My wife recently had excruciating pain in her ear. This was at 11pm at night, no minor emergency open, obviously no doctor open. She had been puking and running fever for three days prior, and had gone to work anyway. We didn't have the 80-100 bucks for a doc visit. We can't just go see a doc and pay later either, they want money up front (they ain't stupid). So instead of paying 150 or so (after medecine) we'll probably end up paying over a 1000 bucks for the ER visit.

 

The ability to see a doc for a 10 or 20 dollar co-pay could have prevented this. We would have saved money, the government would have saved money. My wife would have been spared the pain.

 

Totally off topic:

 

 

 

Holy shit, 80 dollar for a regular doctor visit.

That's just nuts :o

 

Here we pay for regular doctor visit (no, idea how to translate to English :P) like 22.50 euro (29 dollar)

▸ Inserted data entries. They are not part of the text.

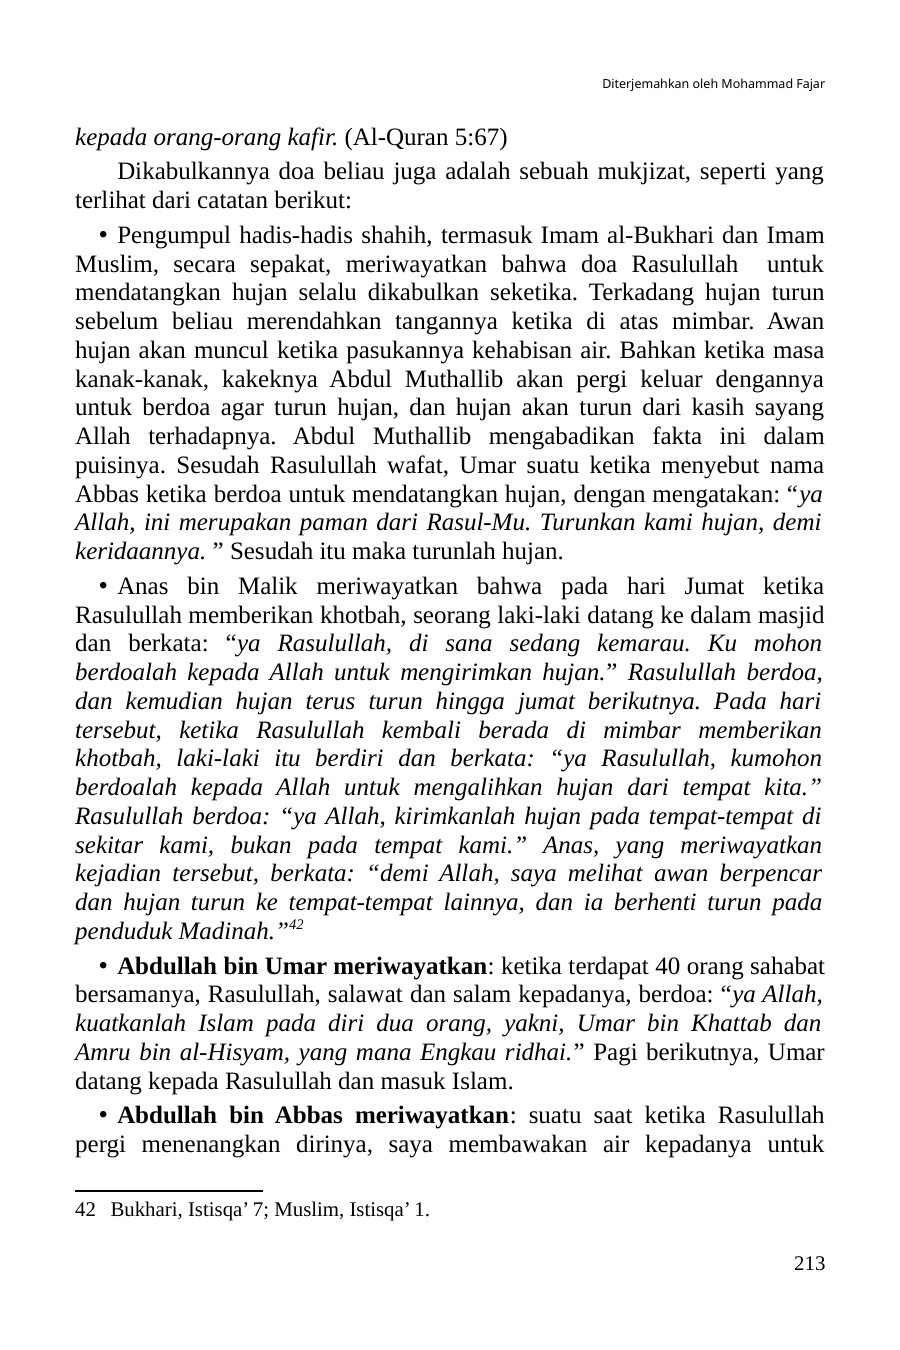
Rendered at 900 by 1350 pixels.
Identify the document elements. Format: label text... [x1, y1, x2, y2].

list Abdullah bin Abbas meriwayatkan: suatu saat ketika Rasulullah pergi menenangkan dirinya, saya membawakan air kepadanya untuk [75, 1101, 825, 1158]
list Bukhari, Istisqa’ 7; Muslim, Istisqa’ 1. [75, 1197, 825, 1221]
list Abdullah bin Umar meriwayatkan: ketika terdapat 40 orang sahabat bersamanya, Rasulullah, salawat dan salam kepadanya, berdoa: “ya Allah, kuatkanlah Islam pada diri dua orang, yakni, Umar bin Khattab dan Amru bin al-Hisyam, yang mana Engkau ridhai.” Pagi berikutnya, Umar datang kepada Rasulullah dan masuk Islam. [75, 951, 825, 1094]
text kepada orang-orang kafir. (Al-Quran 5:67) [75, 122, 825, 150]
text Dikabulkannya doa beliau juga adalah sebuah mukjizat, seperti yang terlihat dari catatan berikut: [75, 156, 825, 214]
list Pengumpul hadis-hadis shahih, termasuk Imam al-Bukhari dan Imam Muslim, secara sepakat, meriwayatkan bahwa doa Rasulullah untuk mendatangkan hujan selalu dikabulkan seketika. Terkadang hujan turun sebelum beliau merendahkan tangannya ketika di atas mimbar. Awan hujan akan muncul ketika pasukannya kehabisan air. Bahkan ketika masa kanak-kanak, kakeknya Abdul Muthallib akan pergi keluar dengannya untuk berdoa agar turun hujan, dan hujan akan turun dari kasih sayang Allah terhadapnya. Abdul Muthallib mengabadikan fakta ini dalam puisinya. Sesudah Rasulullah wafat, Umar suatu ketika menyebut nama Abbas ketika berdoa untuk mendatangkan hujan, dengan mengatakan: “ya Allah, ini merupakan paman dari Rasul-Mu. Turunkan kami hujan, demi keridaannya. ” Sesudah itu maka turunlah hujan. [75, 220, 825, 565]
list Anas bin Malik meriwayatkan bahwa pada hari Jumat ketika Rasulullah memberikan khotbah, seorang laki-laki datang ke dalam masjid dan berkata: “ya Rasulullah, di sana sedang kemarau. Ku mohon berdoalah kepada Allah untuk mengirimkan hujan.” Rasulullah berdoa, dan kemudian hujan terus turun hingga jumat berikutnya. Pada hari tersebut, ketika Rasulullah kembali berada di mimbar memberikan khotbah, laki-laki itu berdiri dan berkata: “ya Rasulullah, kumohon berdoalah kepada Allah untuk mengalihkan hujan dari tempat kita.” Rasulullah berdoa: “ya Allah, kirimkanlah hujan pada tempat-tempat di sekitar kami, bukan pada tempat kami.” Anas, yang meriwayatkan kejadian tersebut, berkata: “demi Allah, saya melihat awan berpencar dan hujan turun ke tempat-tempat lainnya, dan ia berhenti turun pada penduduk Madinah.” [75, 571, 825, 945]

In the end we don't even pay that, part of it we can recover (dunno exact how much)

 

Any medicine also come on top of that (also partial recoverable)

 

This is only talking about 'regular' doctor visits.

Specialist are more expensive, anywhere between 30 and 50 euro (40-60 dollar)

 

Also stuff like x-ray are charged, but (almost) everything you can partially recover

 

 

+You can have private Health Insurance on top of that (for hospitalization, physiotherapist ,...)

 

 

Hell, I don't like Belgium. But the health care is one of the better parts of it.

 

 

 

Again, this all was totally off topic. Not going the mix with this topic (funny thing how they spoke of states with only 116.000 votes => me guessing that's really only a small part of the state)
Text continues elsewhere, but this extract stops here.